Today was a busy day filled with meetings. First we visited the Ministry of Education for the Buenos Aires Government. We learned that the local governments supported the primary schools (K – 7th) and the federal government supported the secondary schools. About 50% of students attend public schools in the big cities. This is the first state that is providing netbooks to all primary students, about 160,000 so far. The name of their program is called Plan Sarmiento.
We heard from the Minister of Education in Buenos Aires, Esteban Bullrich.He was obviously a dynamic leader who believed in this plan to allow all students to participate in 21st century learning. They had studied what Uruguay had done, but needed a plan to fit their needs. They chose laptops for teachers and netbooks for students. We heard from several others about training, support and connections to the business community. One thing I notice about Argentina’s plan is that the parents and family are highly involved in this process too.
As in Uruguay, the laptops belong to the students. They have implemented a WiMax network to provide for Internet access at home. In order to make support easier, they put out a bid for connectivity and hardware to come from the same company. They have also placed an ICT Facilitator in every school to assist the teachers with instruction. They talk of this program as a education program, not a computer program. The minister saw that ICT needed to be at the core of society and that it was not enough to use comptuers once a week. They were worried about the gap that was being created for those who did not have access to technology and took this on as a social inclusion project to make sure that all students were included in the information age.

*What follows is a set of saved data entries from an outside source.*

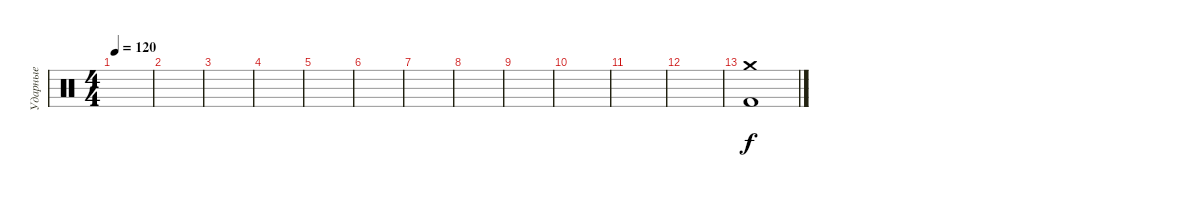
\track ("Ударные" "Ударные") {instrument percussion}
\staff {score}
\articulation defaults
\ts (4 4)
\tempo 120
\clef neutral
\ks c
|
|
|
|
|
|
|
|
|
|
|
|
("Crash medium (hit)" "Kick (hit) 2").1
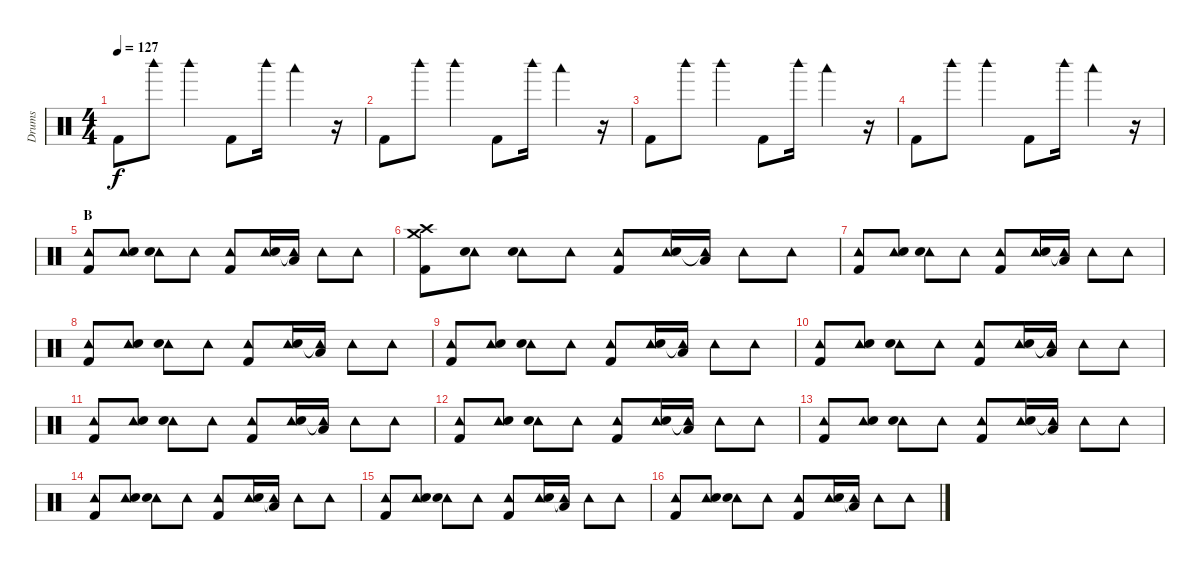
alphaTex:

\track ("Drums" "Drums") {instrument percussion}
\staff {score}
\articulation defaults
\ts (4 4)
\tempo 127
\clef neutral
\ks c "Kick (hit) 2".8{dy f} "Woodblock high (hit)".8 "Woodblock high (hit)".4 "Kick (hit) 2".8 "Woodblock high (hit)".16 "Woodblock low (hit)".4
r.16 |
"Kick (hit) 2".8 "Woodblock high (hit)".8 "Woodblock high (hit)".4 "Kick (hit) 2".8 "Woodblock high (hit)".16 "Woodblock low (hit)".4 r.16 |
"Kick (hit) 2".8 "Woodblock high (hit)".8 "Woodblock high (hit)".4 "Kick (hit) 2".8 "Woodblock high (hit)".16 "Woodblock low (hit)".4 r.16 |
"Kick (hit) 2".8 "Woodblock high (hit)".8 "Woodblock high (hit)".4 "Kick (hit) 2".8 "Woodblock high (hit)".16 "Woodblock low (hit)".4 r.16 |
\section ("" "B")
("Tambourine (hit)" "Kick (hit) 2").8 ("Tambourine (hit)" "Electric Snare (hit)").8 ("Tambourine (hit)" "Electric Snare (hit)").8 "Tambourine (hit)".8 ("Tambourine (hit)" "Kick (hit) 2").8 ("Tambourine (hit)" "Electric Snare (hit)").16 ("Tambourine (hit)"{t} "Low Tom (hit)").16 "Tambourine (hit)".8 "Tambourine (hit)".8 |
("Crash medium (hit)" "Crash high (hit)" "Kick (hit) 2").8 ("Tambourine (hit)" "Electric Snare (hit)").8 ("Tambourine (hit)" "Electric Snare (hit)").8 "Tambourine (hit)".8 ("Tambourine (hit)" "Kick (hit) 2").8 ("Tambourine (hit)" "Electric Snare (hit)").16 ("Tambourine (hit)"{t} "Low Tom (hit)").16 "Tambourine (hit)".8 "Tambourine (hit)".8 |
("Tambourine (hit)" "Kick (hit) 2").8 ("Tambourine (hit)" "Electric Snare (hit)").8 ("Tambourine (hit)" "Electric Snare (hit)").8 "Tambourine (hit)".8 ("Tambourine (hit)" "Kick (hit) 2").8 ("Tambourine (hit)" "Electric Snare (hit)").16 ("Tambourine (hit)"{t} "Low Tom (hit)").16 "Tambourine (hit)".8 "Tambourine (hit)".8 |
("Tambourine (hit)" "Kick (hit) 2").8 ("Tambourine (hit)" "Electric Snare (hit)").8 ("Tambourine (hit)" "Electric Snare (hit)").8 "Tambourine (hit)".8 ("Tambourine (hit)" "Kick (hit) 2").8 ("Tambourine (hit)" "Electric Snare (hit)").16 ("Tambourine (hit)"{t} "Low Tom (hit)").16 "Tambourine (hit)".8 "Tambourine (hit)".8 |
("Tambourine (hit)" "Kick (hit) 2").8 ("Tambourine (hit)" "Electric Snare (hit)").8 ("Tambourine (hit)" "Electric Snare (hit)").8 "Tambourine (hit)".8 ("Tambourine (hit)" "Kick (hit) 2").8 ("Tambourine (hit)" "Electric Snare (hit)").16 ("Tambourine (hit)"{t} "Low Tom (hit)").16 "Tambourine (hit)".8 "Tambourine (hit)".8 |
("Tambourine (hit)" "Kick (hit) 2").8 ("Tambourine (hit)" "Electric Snare (hit)").8 ("Tambourine (hit)" "Electric Snare (hit)").8 "Tambourine (hit)".8 ("Tambourine (hit)" "Kick (hit) 2").8 ("Tambourine (hit)" "Electric Snare (hit)").16 ("Tambourine (hit)"{t} "Low Tom (hit)").16 "Tambourine (hit)".8 "Tambourine (hit)".8 |
("Tambourine (hit)" "Kick (hit) 2").8 ("Tambourine (hit)" "Electric Snare (hit)").8 ("Tambourine (hit)" "Electric Snare (hit)").8 "Tambourine (hit)".8 ("Tambourine (hit)" "Kick (hit) 2").8 ("Tambourine (hit)" "Electric Snare (hit)").16 ("Tambourine (hit)"{t} "Low Tom (hit)").16 "Tambourine (hit)".8 "Tambourine (hit)".8 |
("Tambourine (hit)" "Kick (hit) 2").8 ("Tambourine (hit)" "Electric Snare (hit)").8 ("Tambourine (hit)" "Electric Snare (hit)").8 "Tambourine (hit)".8 ("Tambourine (hit)" "Kick (hit) 2").8 ("Tambourine (hit)" "Electric Snare (hit)").16 ("Tambourine (hit)"{t} "Low Tom (hit)").16 "Tambourine (hit)".8 "Tambourine (hit)".8 |
("Tambourine (hit)" "Kick (hit) 2").8 ("Tambourine (hit)" "Electric Snare (hit)").8 ("Tambourine (hit)" "Electric Snare (hit)").8 "Tambourine (hit)".8 ("Tambourine (hit)" "Kick (hit) 2").8 ("Tambourine (hit)" "Electric Snare (hit)").16 ("Tambourine (hit)"{t} "Low Tom (hit)").16 "Tambourine (hit)".8 "Tambourine (hit)".8 |
("Tambourine (hit)" "Kick (hit) 2").8 ("Tambourine (hit)" "Electric Snare (hit)").8 ("Tambourine (hit)" "Electric Snare (hit)").8 "Tambourine (hit)".8 ("Tambourine (hit)" "Kick (hit) 2").8 ("Tambourine (hit)" "Electric Snare (hit)").16 ("Tambourine (hit)"{t} "Low Tom (hit)").16 "Tambourine (hit)".8 "Tambourine (hit)".8 |
("Tambourine (hit)" "Kick (hit) 2").8 ("Tambourine (hit)" "Electric Snare (hit)").8 ("Tambourine (hit)" "Electric Snare (hit)").8 "Tambourine (hit)".8 ("Tambourine (hit)" "Kick (hit) 2").8 ("Tambourine (hit)" "Electric Snare (hit)").16 ("Tambourine (hit)"{t} "Low Tom (hit)").16 "Tambourine (hit)".8 "Tambourine (hit)".8 |
("Tambourine (hit)" "Kick (hit) 2").8 ("Tambourine (hit)" "Electric Snare (hit)").8 ("Tambourine (hit)" "Electric Snare (hit)").8 "Tambourine (hit)".8 ("Tambourine (hit)" "Kick (hit) 2").8 ("Tambourine (hit)" "Electric Snare (hit)").16 ("Tambourine (hit)"{t} "Low Tom (hit)").16 "Tambourine (hit)".8 "Tambourine (hit)".8
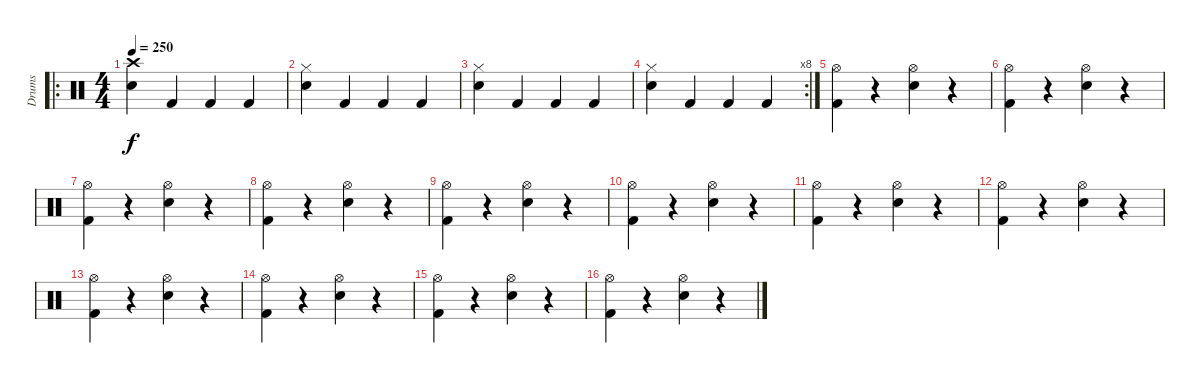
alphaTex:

\track ("Drums" "Drums") {instrument percussion}
\staff {score}
\articulation defaults
\ro
\ts (4 4)
\tempo 250
\clef neutral
\ks c
("Crash high (hit)" "Snare (hit) 2").4{dy f} "Kick (hit) 2".4 "Kick (hit) 2".4 "Kick (hit) 2".4 |
("Hi-Hat (closed)" "Snare (hit) 2").4 "Kick (hit) 2".4 "Kick (hit) 2".4 "Kick (hit) 2".4 |
("Hi-Hat (closed)" "Snare (hit) 2").4 "Kick (hit) 2".4 "Kick (hit) 2".4 "Kick (hit) 2".4 |
\rc 8
("Hi-Hat (closed)" "Snare (hit) 2").4 "Kick (hit) 2".4 "Kick (hit) 2".4 "Kick (hit) 2".4 |
("Hi-Hat (open)" "Kick (hit) 2").4 r.4 ("Hi-Hat (open)" "Snare (hit) 2").4 r.4 |
("Hi-Hat (open)" "Kick (hit) 2").4 r.4 ("Hi-Hat (open)" "Snare (hit) 2").4 r.4 |
("Hi-Hat (open)" "Kick (hit) 2").4 r.4 ("Hi-Hat (open)" "Snare (hit) 2").4 r.4 |
("Hi-Hat (open)" "Kick (hit) 2").4 r.4 ("Hi-Hat (open)" "Snare (hit) 2").4 r.4 |
("Hi-Hat (open)" "Kick (hit) 2").4 r.4 ("Hi-Hat (open)" "Snare (hit) 2").4 r.4 |
("Hi-Hat (open)" "Kick (hit) 2").4 r.4 ("Hi-Hat (open)" "Snare (hit) 2").4 r.4 |
("Hi-Hat (open)" "Kick (hit) 2").4 r.4 ("Hi-Hat (open)" "Snare (hit) 2").4 r.4 |
("Hi-Hat (open)" "Kick (hit) 2").4 r.4 ("Hi-Hat (open)" "Snare (hit) 2").4 r.4 |
("Hi-Hat (open)" "Kick (hit) 2").4 r.4 ("Hi-Hat (open)" "Snare (hit) 2").4 r.4 |
("Hi-Hat (open)" "Kick (hit) 2").4 r.4 ("Hi-Hat (open)" "Snare (hit) 2").4 r.4 |
("Hi-Hat (open)" "Kick (hit) 2").4 r.4 ("Hi-Hat (open)" "Snare (hit) 2").4 r.4 |
("Hi-Hat (open)" "Kick (hit) 2").4 r.4 ("Hi-Hat (open)" "Snare (hit) 2").4 r.4

We left the ministry and went to the International Institute of Education Planning (IIPE – BA). This organization works with all countries that speak Spanish. After a brief meeting, we went to visit another primary school. We would have gone to another campus, but the teachers were on strike that day. There are over 20 teacher unions in Buenos Aires. At the school we were greeted by the principal and we began or tour. This primary school building was in much better shape than the ones we had seen earlier and seemed very organized. The teachers were prepared to show us a lesson and the students seemed willing to show us what they knew.

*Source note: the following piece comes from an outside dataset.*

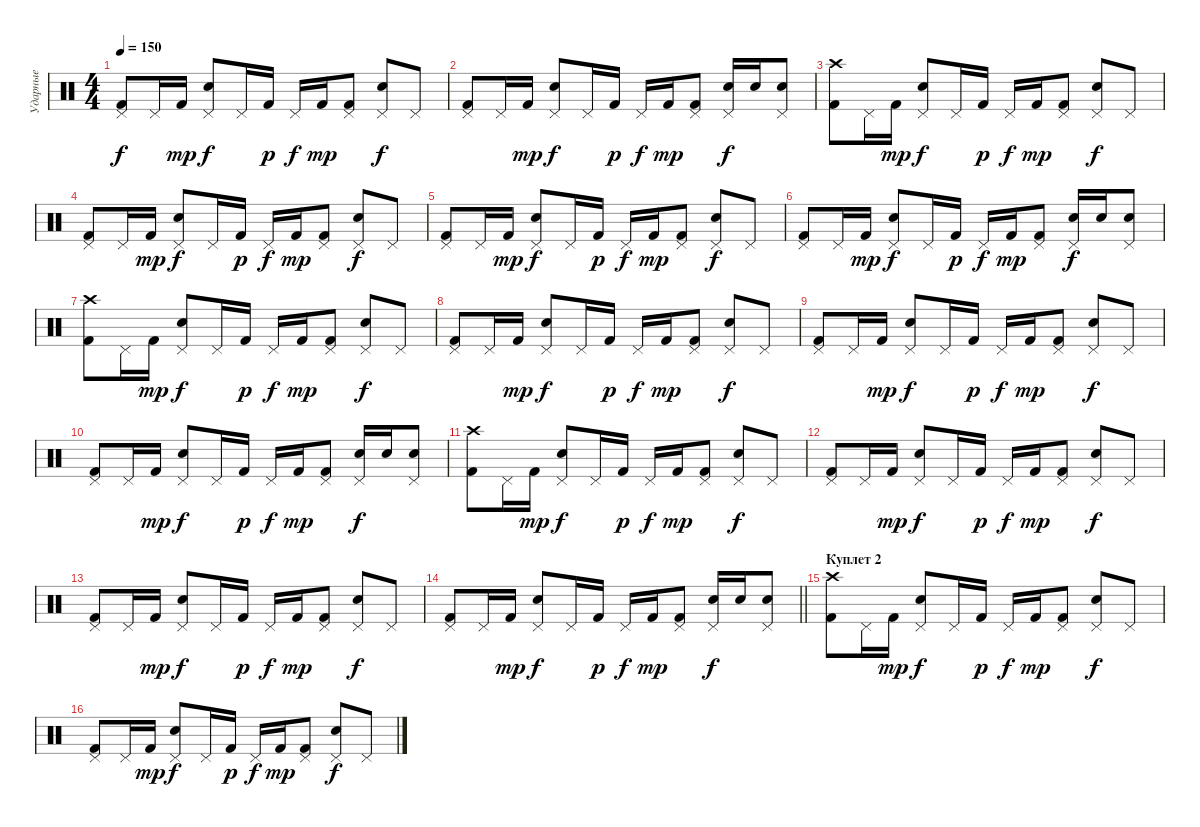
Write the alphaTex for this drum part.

In a 7th grade science class, we watched the students explain how they programmed a traffic light to work. They had to explain their process to the entire class. Then the teacher asked them to design a traffic light for a blind person and what changes would they have to make in their programming. The techers were also using Web 2.0 tools such as EdModo to work with students.
We visited a 1st grade classroom where students were drawing animals with TUX Paint software. They had to explain parts of the animal and other traits about what they were creating. We ended the visit talking to the principal and other staff members about the program. Teachers are allowed to develop their own lessons so it left open to alot of creativity. They do not focus on testing as much as we do in the US and are focused more on problem-based learning and making sure that all students are included.